We can use the log-likelihood drop when merging states as a proxy for state "similarity." Two states which can be merged with minimal drop in likelihood might be considered similar.

In [131]:
def make_similarity_matrix_hmmlearn(hmm_original, data):
    num_states = hmm_original.n_components
    init_ll = hmm_original.score(data)
    similarity = np.nan * np.ones((num_states, num_states))
    merged_hmms = np.empty((num_states, num_states), dtype=object)
    for s1 in range(num_states-1):
        for s2 in range(s1+1, num_states):
            merged_ll, merged_hmm = merge_two_states_hmmlearn(hmm_original, s1, s2, data)
            similarity[s1, s2] =  merged_ll - init_ll
            merged_hmms[s1, s2] = merged_hmm
        print(f'Finished state {s1}')
            
    return similarity, merged_hmms

In [None]:
similarity, new_hmms = make_similarity_matrix_hmmlearn(hmmlearn_hmm, data)
im = plt.imshow(similarity)
plt.ylabel("state 1")
plt.xlabel("state 2")
plt.title("similarity")
plt.colorbar()

## Hierarchical clustering by iteratively merging states
We start with a K state HMM, then merge possible pair of states k1 and k2. We can see which are the best two states to merge by checking the new log-likelihood. We then rinse and repeat for our new K-1 state HMM, tracking the log-likelihood as we go, until there is only 1 state left. After each merge, we can show the observation distribution and new similarity matrix.

In [133]:
def hierarchical_cluster(hmm_original, data):
    num_states = hmm_original.n_components
    linkage = [None]
    likelihood_drops = [0]
    hmms = [hmm_original]
    
    for i in range(num_states - 1):
        similarity, merged_hmms = make_similarity_matrix_hmmlearn(hmms[-1], data)
        
        # Find the most similar states
        s1, s2 = np.where(similarity == np.nanmax(similarity))
        s1, s2 = s1[0], s2[0]
        linkage.append((s1, s2))
        likelihood_drops.append(similarity[s1, s2])
        hmms.append(merged_hmms[s1, s2])
        print("merging ", s1, "and", s2)
    
    return linkage, likelihood_drops, hmms

In [None]:
linkage, likelihood_drops, hmms = hierarchical_cluster(hmmlearn_hmm, data)

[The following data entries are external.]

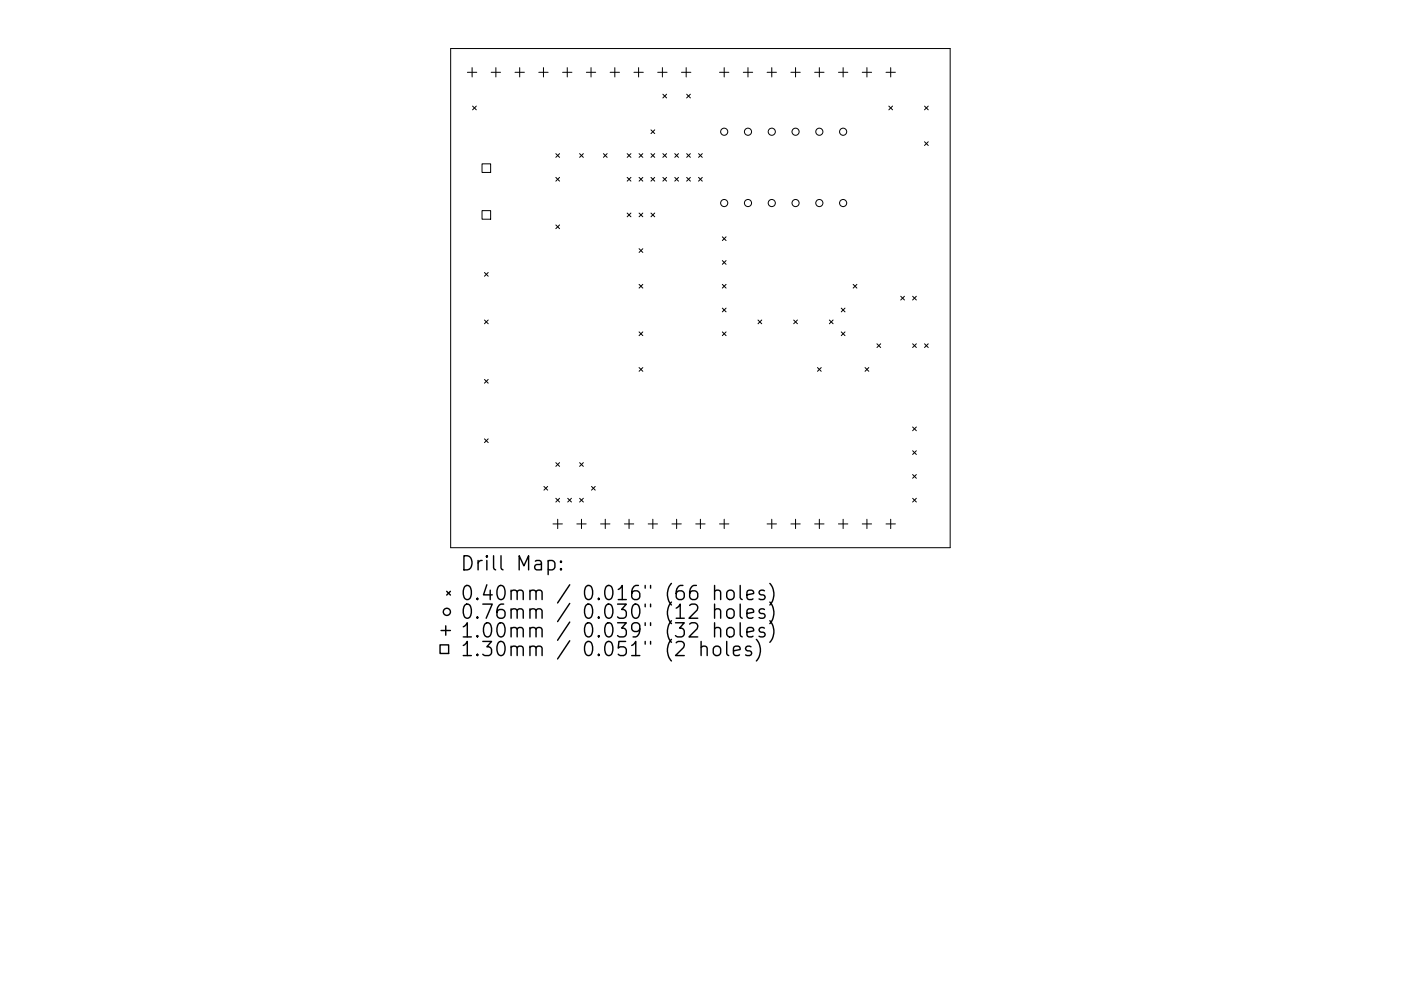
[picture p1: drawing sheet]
<svg xmlns="http://www.w3.org/2000/svg" width="297mm" height="210mm" viewBox="0 0 297 210" stroke-linecap="round" stroke-linejoin="round" font-family="sans-serif">
<defs><g id="words">
<g font-size="4.2">
<text x="97.5" y="121.1">Drill Map:</text>
<text x="97.5" y="127.4">0.40mm / 0.016&quot; (66 holes)</text>
<text x="97.5" y="131.3">0.76mm / 0.030&quot; (12 holes)</text>
<text x="97.5" y="135.3">1.00mm / 0.039&quot; (32 holes)</text>
<text x="97.5" y="139.2">1.30mm / 0.051&quot; (2 holes)</text>
</g>
</g></defs>
<g fill="none" stroke="#000" stroke-width=".21">
<path d="M95.5 10.3h106v105.9h-106zM99.1 15.3h2M100.1 14.3v2M104.1 15.3h2M105.1 14.3v2M109.2 15.3h2M110.2 14.3v2M114.2 15.3h2M115.2 14.3v2M119.3 15.3h2M120.3 14.3v2M124.3 15.3h2"/>
<path d="M125.3 14.3v2M129.4 15.3h1.9M130.4 14.3v2M134.4 15.3h2M135.4 14.3v2M139.4 15.3h2M140.4 14.3v2M140.5 20l.8 .8M141.3 20l-.8 .8M144.5 15.3h2M145.5 14.3v2M145.6 20l.8 .8"/>
<path d="M146.4 20l-.8 .8M152.6 15.3h1.9M153.5 14.3v2M157.6 15.3h2M158.6 14.3v2M162.6 15.3h2M163.6 14.3v2M167.7 15.3h2M168.7 14.3v2M172.7 15.3h2M173.7 14.3v2M177.8 15.3h2"/>
<path d="M178.8 14.3v2M182.8 15.3h2M183.8 14.3v2M187.9 15.3h1.9M188.8 14.3v2M100.2 22.5l.8 .8M101 22.5l-.8 .8M102.2 34.8h1.8v1.8h-1.8zM117.8 32.6l.8 .8M117.8 37.6l.8 .8M118.6 32.6l-.8 .8M118.6 37.6l-.8 .8"/>
<path d="M122.9 32.6l.8 .8M123.7 32.6l-.8 .8M127.9 32.6l.8 .8M128.7 32.6l-.8 .8M133 37.6l.8 .8M133 32.6l.8 .8M133.8 37.6l-.8 .8M133.8 32.6l-.8 .8M135.5 32.6l.8 .8M135.5 37.6l.8 .8M136.3 32.6l-.8 .8M136.3 37.6l-.8 .8"/>
<path d="M138 37.6l.8 .8M138 27.6l.8 .7M138 32.6l.8 .8M138.8 32.6l-.8 .8M138.8 27.6l-.8 .7M138.8 37.6l-.8 .8M140.5 32.6l.8 .8M140.5 37.6l.8 .8M141.3 37.6l-.8 .8M141.3 32.6l-.8 .8M143.1 37.6l.8 .8M143.1 32.6l.8 .8"/>
<path d="M143.9 37.6l-.8 .8M143.9 32.6l-.8 .8M145.6 37.6l.8 .8M145.6 32.6l.8 .8M146.4 37.6l-.8 .8M146.4 32.6l-.8 .8M148.1 37.6l.8 .8M148.1 32.6l.8 .8M148.9 32.6l-.8 .8M148.9 37.6l-.8 .8M188.4 22.5l.8 .8M189.2 22.5l-.8 .8"/>
<path d="M196 22.5l.8 .8M196 30.1l.8 .8M196.8 22.5l-.8 .8M196.8 30.1l-.8 .8M102.2 44.7h1.8v1.8h-1.8zM102.7 57.8l.8 .8M103.5 57.8l-.8 .8M117.8 47.7l.8 .8M118.6 47.7l-.8 .8M133 45.2l.8 .8M133.8 45.2l-.8 .8M135.5 45.2l.8 .8"/>
<path d="M135.5 52.8l.8 .8M136.3 45.2l-.8 .8M136.3 52.8l-.8 .8M138 45.2l.8 .8M138.8 45.2l-.8 .8M153.1 55.3l.8 .8M153.1 50.2l.8 .8M153.9 50.2l-.8 .8M153.9 55.3l-.8 .8M102.7 67.9l.8 .8M103.5 67.9l-.8 .8M135.5 60.3l.8 .8"/>
<path d="M135.5 70.4l.8 .8M135.5 78l.8 .8M136.3 60.3l-.8 .8M136.3 70.4l-.8 .8M136.3 78l-.8 .8M153.1 60.3l.8 .8M153.1 65.4l.8 .8M153.1 70.4l.8 .8M153.9 65.4l-.8 .8M153.9 70.4l-.8 .8M153.9 60.3l-.8 .8M160.7 67.9l.8 .8"/>
<path d="M161.5 67.9l-.8 .8M168.3 67.9l.8 .8M169.1 67.9l-.8 .8M173.3 78l.8 .8M174.1 78l-.8 .8M175.8 67.9l.8 .8M176.6 67.9l-.8 .8M178.4 70.4l.8 .8M178.4 65.4l.8 .8M179.2 65.4l-.8 .8M179.2 70.4l-.8 .8M180.9 60.3l.8 .8"/>
<path d="M181.7 60.3l-.8 .8M183.4 78l.8 .8M184.2 78l-.8 .8M185.9 72.9l.8 .8M186.7 72.9l-.8 .8M191 62.9l.8 .7M191.8 62.9l-.8 .7M193.5 62.9l.8 .7M193.5 72.9l.8 .8M194.3 62.9l-.8 .7M194.3 72.9l-.8 .8M196 72.9l.8 .8"/>
<path d="M196.8 72.9l-.8 .8M102.7 80.5l.8 .8M102.7 93.1l.8 .8M103.5 80.5l-.8 .8M103.5 93.1l-.8 .8M117.8 98.2l.8 .7M118.6 98.2l-.8 .7M122.9 98.2l.8 .7M123.7 98.2l-.8 .7M193.5 90.6l.8 .8M193.5 95.6l.8 .8M194.3 90.6l-.8 .8"/>
<path d="M194.3 95.6l-.8 .8M115.3 103.2l.8 .8M116.1 103.2l-.8 .8M117.2 111.2h2M117.8 105.7l.8 .8M118.2 110.2v2M118.6 105.7l-.8 .8M120.4 105.7l.8 .8M121.2 105.7l-.8 .8M122.3 111.2h2M122.9 105.7l.8 .8M123.3 110.2v2"/>
<path d="M123.7 105.7l-.8 .8M125.4 103.2l.8 .8M126.2 103.2l-.8 .8M127.3 111.2h2M128.3 110.2v2M132.4 111.2h2M133.4 110.2v2M137.4 111.2h2M138.4 110.2v2M142.5 111.2h2M143.5 110.2v2M147.5 111.2h2"/>
<path d="M148.5 110.2v2M152.6 111.2h1.9M153.5 110.2v2M162.6 111.2h2M163.6 110.2v2M167.7 111.2h2M168.7 110.2v2M172.7 111.2h2M173.7 110.2v2M177.8 111.2h2M178.8 110.2v2M182.8 111.2h2"/>
<path d="M183.8 110.2v2M187.9 111.2h1.9M188.8 110.2v2M193.5 100.7l.8 .8M193.5 105.7l.8 .8M194.3 100.7l-.8 .8M194.3 105.7l-.8 .8"/>
<circle cx="153.5" cy="27.9" r=".76"/>
<circle cx="158.6" cy="27.9" r=".76"/>
<circle cx="163.6" cy="27.9" r=".76"/>
<circle cx="168.7" cy="27.9" r=".76"/>
<circle cx="173.7" cy="27.9" r=".76"/>
<circle cx="178.8" cy="27.9" r=".76"/>
<circle cx="153.5" cy="43.1" r=".76"/>
<circle cx="158.6" cy="43.1" r=".76"/>
<circle cx="163.6" cy="43.1" r=".76"/>
<circle cx="168.7" cy="43.1" r=".76"/>
<circle cx="173.7" cy="43.1" r=".76"/>
<circle cx="178.8" cy="43.1" r=".76"/>
</g>
<g fill="none" stroke="#000" stroke-width=".3">
<path d="M116.2 119.1l.9-.2 .5 .6v.8l-.2 .5-.3 .1-.9-.1M118.9 119.1l.2 .1-.2 .1-.1-.1 .1-.1v.2M93.3 136.8h1.8v1.8h-1.8zM93.5 133.8h2M94.5 132.8v2M94.7 125.5l.8 .7M95.5 125.5l-.8 .7M118.9 120.6l.2 .2-.2 .1-.1-.1 .1-.2v.3M148.6 137.4a.74 .74 0 0 1 1.3 .1v1.6M148.6 136.1v3M151.4 137.4a.81 .81 0 0 1 .8-.3 .81 .81 0 0 1 .6 .6v.8a.81 .81 0 0 1-.8 .6 .81 .81 0 0 1-.8-.6v-.8zM151.5 125.5a.74 .74 0 0 1 1.3 .1v1.6"/>
<path d="M151.5 129.5a.74 .74 0 0 1 1.3 .1v1.6M151.5 133.4a.74 .74 0 0 1 1.3 .2v1.5M151.5 124.2v3M151.5 128.2v3M151.5 132.1v3M154.1 136.1v2.6l.4 .4M154.2 125.5a.81 .81 0 0 1 .8-.3 .81 .81 0 0 1 .6 .6v.8a.81 .81 0 0 1-.7 .6 .81 .81 0 0 1-.8-.6v-.8zM154.2 133.4a.81 .81 0 0 1 .8-.3 .81 .81 0 0 1 .6 .6v.9a.81 .81 0 0 1-.7 .6 .81 .81 0 0 1-.8-.6v-.9zM154.4 129.3a.81 .81 0 0 1 1.2 .4v.9a.81 .81 0 0 1-.7 .6 .81 .81 0 0 1-.8-.6v-.9zM155.5 138.1l1.4-.3-.1-.6-.9-.1-.4 .4v1.2l.1 .2 .3 .2 .9-.2M156.9 124.2v2.6l.5 .4M156.9 128.2v2.5l.5 .5"/>
<path d="M156.9 132.1v2.6l.5 .4M158.4 126.2l1.4-.3-.2-.5-.8-.2-.4 .4v1.2l.1 .3 .3 .1 .8-.1M158.4 130.2l1.4-.3-.2-.6-.8-.1-.4 .4v1.1l.1 .3 .3 .2 .8-.2M158.4 134.1l1.4-.3-.2-.5-.8-.2-.4 .5v1.1l.1 .3 .3 .1 .8-.1M159.2 137.2l-.7-.1-.4 .4 .1 .4 1 .3 .2 .3-.2 .4-.3 .2-.8-.2M160.4 135.7a3.4 3.4 0 0 1 0 4.5M162.1 125.4l-.7-.2-.5 .4 .2 .5 1 .3 .1 .2-.1 .5-.3 .1-.9-.1M162.1 129.3l-.7-.1-.5 .4 .2 .4 1 .3 .1 .3-.1 .4-.3 .2-.9-.2M162.1 133.3l-.7-.2-.5 .5 .2 .4 1 .3 .1 .3-.1 .4-.3 .1-.9-.1M163.2 123.8a3.4 3.4 0 0 1 0 4.6M163.2 127.7a3.4 3.4 0 0 1 0 4.6M163.2 131.7a3.4 3.4 0 0 1 0 4.6"/>
<circle cx="94.7" cy="129.8" r=".76"/>
</g>
<use href="#words"/>
</svg>

## Now plot the dendrogram using likelihood drop as similarity

In [None]:
def dendrogram(num_states, linkage, likelihood_drops):
    # plt.figure()
    
    def _plot_level(s1, s2, likelihood_drop, xs, offset):
        new_offset = offset - likelihood_drop
        for x in xs:
            plt.plot([x, x], [offset, new_offset], '-k', lw=2)
        plt.plot([xs[s1], xs[s2]], [new_offset, new_offset], '-k', lw=2)

        new_xs = xs.copy()
        new_xs[s1] = xs[s1] + (xs[s2] - xs[s1]) * npr.rand()
        new_xs = np.concatenate([new_xs[:s2], new_xs[s2+1:]])
        return new_xs, new_offset
    
    xs = np.arange(num_states, dtype=float)
    offset = 0
    for (s1, s2), drop in zip(linkage[1:], likelihood_drops[1:]):
        xs, offset = _plot_level(s1, s2, drop, xs, offset)
        
    plt.xlabel("state")
    plt.ylabel("likelihood drop")
        
dendrogram(hmmlearn_hmm.n_components, linkage, likelihood_drops)

plt.savefig('hmm_#_states_hierarchical_clustering.png', dpi=300, bbox_inches = "tight")